• **Goal of the exercise**
Exactly reproduce all the records, keeping pictures out of the copy.

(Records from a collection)

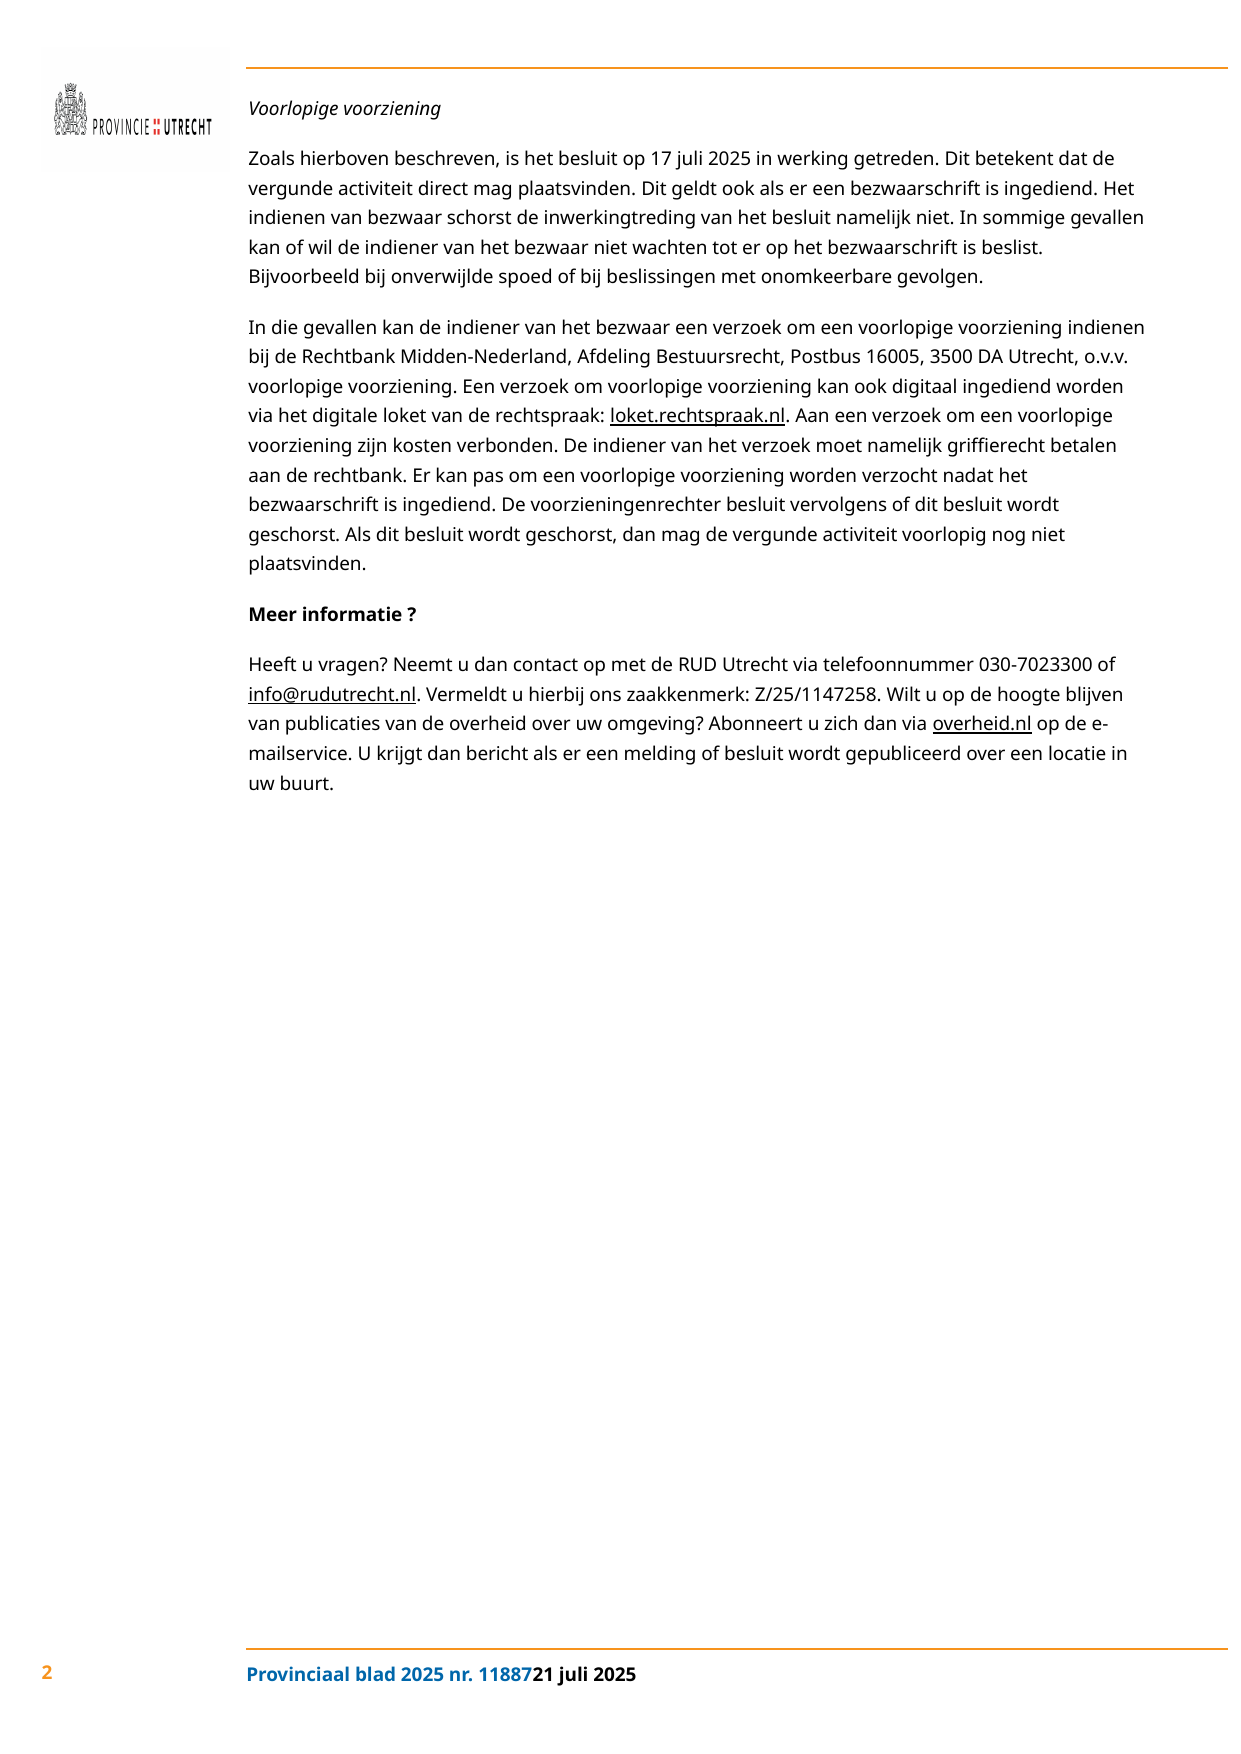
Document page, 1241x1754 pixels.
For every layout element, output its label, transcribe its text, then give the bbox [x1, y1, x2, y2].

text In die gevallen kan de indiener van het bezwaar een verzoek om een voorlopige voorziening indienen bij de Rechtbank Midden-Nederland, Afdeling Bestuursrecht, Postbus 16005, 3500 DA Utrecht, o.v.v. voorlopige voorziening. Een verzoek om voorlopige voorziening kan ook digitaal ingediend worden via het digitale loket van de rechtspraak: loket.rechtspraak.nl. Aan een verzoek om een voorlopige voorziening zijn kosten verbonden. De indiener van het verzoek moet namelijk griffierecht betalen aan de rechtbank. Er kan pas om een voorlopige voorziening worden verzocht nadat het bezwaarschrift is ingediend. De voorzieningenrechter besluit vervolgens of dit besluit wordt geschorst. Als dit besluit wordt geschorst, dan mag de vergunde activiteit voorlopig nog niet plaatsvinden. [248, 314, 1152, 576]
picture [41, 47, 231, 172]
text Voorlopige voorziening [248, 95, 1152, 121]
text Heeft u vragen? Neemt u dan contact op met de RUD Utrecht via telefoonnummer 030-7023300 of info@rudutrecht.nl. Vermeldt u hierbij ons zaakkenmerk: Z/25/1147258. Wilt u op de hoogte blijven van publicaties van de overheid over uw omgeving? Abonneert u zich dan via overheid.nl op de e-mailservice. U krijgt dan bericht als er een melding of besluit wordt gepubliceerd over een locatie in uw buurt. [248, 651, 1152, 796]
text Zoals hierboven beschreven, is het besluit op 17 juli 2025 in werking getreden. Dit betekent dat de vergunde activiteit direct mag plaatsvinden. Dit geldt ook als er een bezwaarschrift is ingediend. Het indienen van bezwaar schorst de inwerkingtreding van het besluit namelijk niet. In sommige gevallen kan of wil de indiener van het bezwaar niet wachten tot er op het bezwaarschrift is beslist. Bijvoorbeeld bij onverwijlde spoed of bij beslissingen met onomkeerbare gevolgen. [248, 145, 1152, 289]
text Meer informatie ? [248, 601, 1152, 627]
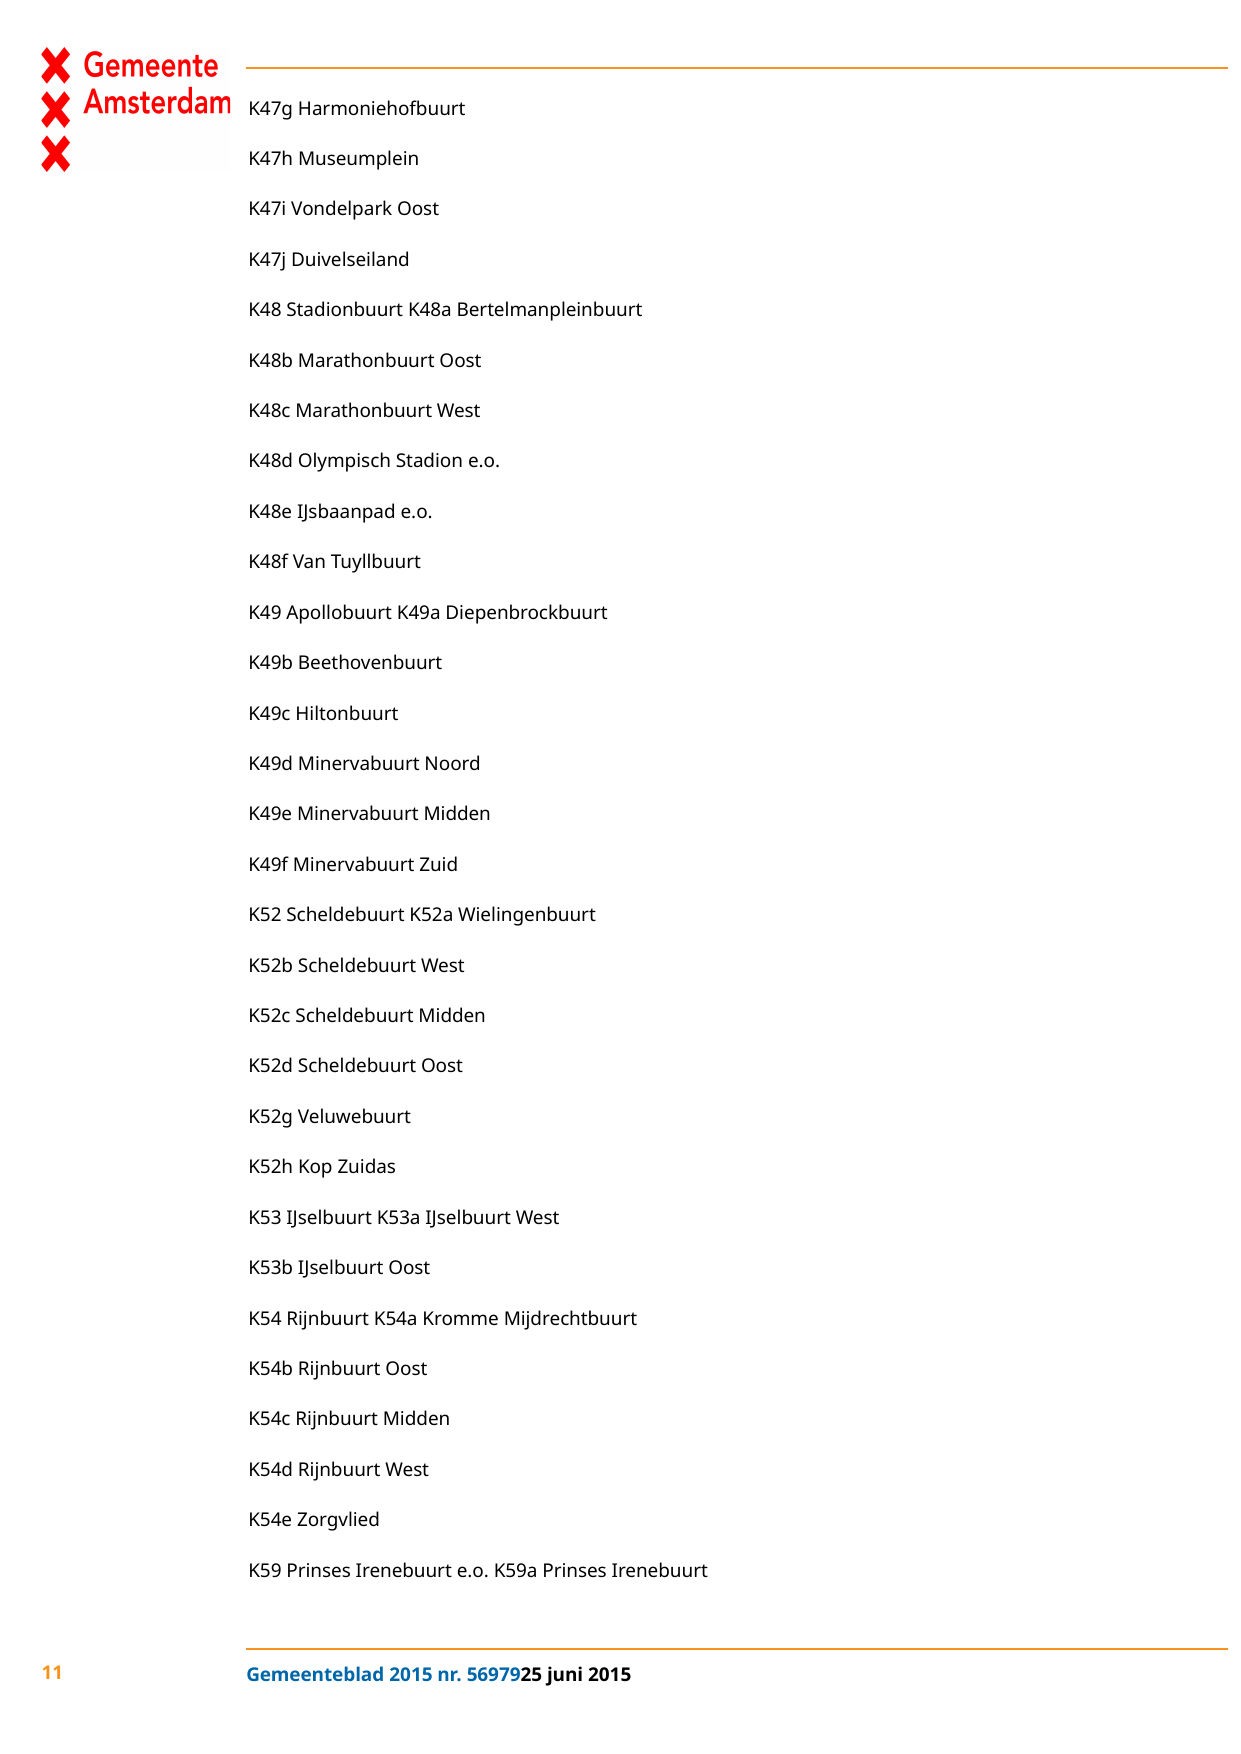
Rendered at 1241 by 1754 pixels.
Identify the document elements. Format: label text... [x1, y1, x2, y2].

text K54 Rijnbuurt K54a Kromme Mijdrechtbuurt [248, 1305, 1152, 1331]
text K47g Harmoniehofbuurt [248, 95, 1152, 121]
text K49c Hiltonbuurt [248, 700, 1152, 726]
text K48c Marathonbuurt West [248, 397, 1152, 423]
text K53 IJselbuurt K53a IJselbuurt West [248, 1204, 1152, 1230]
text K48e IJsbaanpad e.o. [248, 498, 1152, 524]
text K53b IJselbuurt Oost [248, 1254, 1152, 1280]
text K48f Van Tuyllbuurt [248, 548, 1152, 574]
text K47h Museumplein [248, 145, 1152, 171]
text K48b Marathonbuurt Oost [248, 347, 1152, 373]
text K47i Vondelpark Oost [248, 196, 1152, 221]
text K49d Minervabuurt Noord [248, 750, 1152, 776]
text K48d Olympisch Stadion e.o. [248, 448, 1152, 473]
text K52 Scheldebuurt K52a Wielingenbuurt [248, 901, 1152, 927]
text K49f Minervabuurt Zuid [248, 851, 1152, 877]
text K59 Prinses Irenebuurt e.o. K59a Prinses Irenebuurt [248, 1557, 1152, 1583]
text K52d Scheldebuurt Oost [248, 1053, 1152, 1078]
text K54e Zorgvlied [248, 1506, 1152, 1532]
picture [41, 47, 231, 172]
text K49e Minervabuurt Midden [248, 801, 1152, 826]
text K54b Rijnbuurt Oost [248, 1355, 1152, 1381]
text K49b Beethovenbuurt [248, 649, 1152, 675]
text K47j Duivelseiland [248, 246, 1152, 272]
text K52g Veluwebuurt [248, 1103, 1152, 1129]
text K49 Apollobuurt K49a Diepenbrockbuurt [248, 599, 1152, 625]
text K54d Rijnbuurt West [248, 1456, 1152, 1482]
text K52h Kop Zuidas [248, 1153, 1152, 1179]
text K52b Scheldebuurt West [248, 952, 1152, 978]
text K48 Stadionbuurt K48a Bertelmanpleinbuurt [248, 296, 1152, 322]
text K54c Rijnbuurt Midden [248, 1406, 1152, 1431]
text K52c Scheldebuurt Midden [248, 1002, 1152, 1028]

• **Output for this exercise**
Document page, 1241x1754 pixels.
For every layout element, output its label, transcribe its text, then give the bbox [x1, y1, x2, y2].

text In die gevallen kan de indiener van het bezwaar een verzoek om een voorlopige voorziening indienen bij de Rechtbank Midden-Nederland, Afdeling Bestuursrecht, Postbus 16005, 3500 DA Utrecht, o.v.v. voorlopige voorziening. Een verzoek om voorlopige voorziening kan ook digitaal ingediend worden via het digitale loket van de rechtspraak: loket.rechtspraak.nl. Aan een verzoek om een voorlopige voorziening zijn kosten verbonden. De indiener van het verzoek moet namelijk griffierecht betalen aan de rechtbank. Er kan pas om een voorlopige voorziening worden verzocht nadat het bezwaarschrift is ingediend. De voorzieningenrechter besluit vervolgens of dit besluit wordt geschorst. Als dit besluit wordt geschorst, dan mag de vergunde activiteit voorlopig nog niet plaatsvinden. [248, 314, 1152, 576]
picture [41, 47, 231, 172]
text Voorlopige voorziening [248, 95, 1152, 121]
text Heeft u vragen? Neemt u dan contact op met de RUD Utrecht via telefoonnummer 030-7023300 of info@rudutrecht.nl. Vermeldt u hierbij ons zaakkenmerk: Z/25/1147258. Wilt u op de hoogte blijven van publicaties van de overheid over uw omgeving? Abonneert u zich dan via overheid.nl op de e-mailservice. U krijgt dan bericht als er een melding of besluit wordt gepubliceerd over een locatie in uw buurt. [248, 651, 1152, 796]
text Zoals hierboven beschreven, is het besluit op 17 juli 2025 in werking getreden. Dit betekent dat de vergunde activiteit direct mag plaatsvinden. Dit geldt ook als er een bezwaarschrift is ingediend. Het indienen van bezwaar schorst de inwerkingtreding van het besluit namelijk niet. In sommige gevallen kan of wil de indiener van het bezwaar niet wachten tot er op het bezwaarschrift is beslist. Bijvoorbeeld bij onverwijlde spoed of bij beslissingen met onomkeerbare gevolgen. [248, 145, 1152, 289]
text Meer informatie ? [248, 601, 1152, 627]
Rendered at 1241 by 1754 pixels.
Identify the document elements. Format: label text... [x1, y1, x2, y2].

text K54 Rijnbuurt K54a Kromme Mijdrechtbuurt [248, 1305, 1152, 1331]
text K47g Harmoniehofbuurt [248, 95, 1152, 121]
text K49c Hiltonbuurt [248, 700, 1152, 726]
text K48c Marathonbuurt West [248, 397, 1152, 423]
text K53 IJselbuurt K53a IJselbuurt West [248, 1204, 1152, 1230]
text K48e IJsbaanpad e.o. [248, 498, 1152, 524]
text K53b IJselbuurt Oost [248, 1254, 1152, 1280]
text K48f Van Tuyllbuurt [248, 548, 1152, 574]
text K47h Museumplein [248, 145, 1152, 171]
text K48b Marathonbuurt Oost [248, 347, 1152, 373]
text K47i Vondelpark Oost [248, 196, 1152, 221]
text K49d Minervabuurt Noord [248, 750, 1152, 776]
text K48d Olympisch Stadion e.o. [248, 448, 1152, 473]
text K52 Scheldebuurt K52a Wielingenbuurt [248, 901, 1152, 927]
text K49f Minervabuurt Zuid [248, 851, 1152, 877]
text K59 Prinses Irenebuurt e.o. K59a Prinses Irenebuurt [248, 1557, 1152, 1583]
text K52d Scheldebuurt Oost [248, 1053, 1152, 1078]
text K54e Zorgvlied [248, 1506, 1152, 1532]
picture [41, 47, 231, 172]
text K49e Minervabuurt Midden [248, 801, 1152, 826]
text K54b Rijnbuurt Oost [248, 1355, 1152, 1381]
text K49b Beethovenbuurt [248, 649, 1152, 675]
text K47j Duivelseiland [248, 246, 1152, 272]
text K52g Veluwebuurt [248, 1103, 1152, 1129]
text K49 Apollobuurt K49a Diepenbrockbuurt [248, 599, 1152, 625]
text K54d Rijnbuurt West [248, 1456, 1152, 1482]
text K52h Kop Zuidas [248, 1153, 1152, 1179]
text K52b Scheldebuurt West [248, 952, 1152, 978]
text K48 Stadionbuurt K48a Bertelmanpleinbuurt [248, 296, 1152, 322]
text K54c Rijnbuurt Midden [248, 1406, 1152, 1431]
text K52c Scheldebuurt Midden [248, 1002, 1152, 1028]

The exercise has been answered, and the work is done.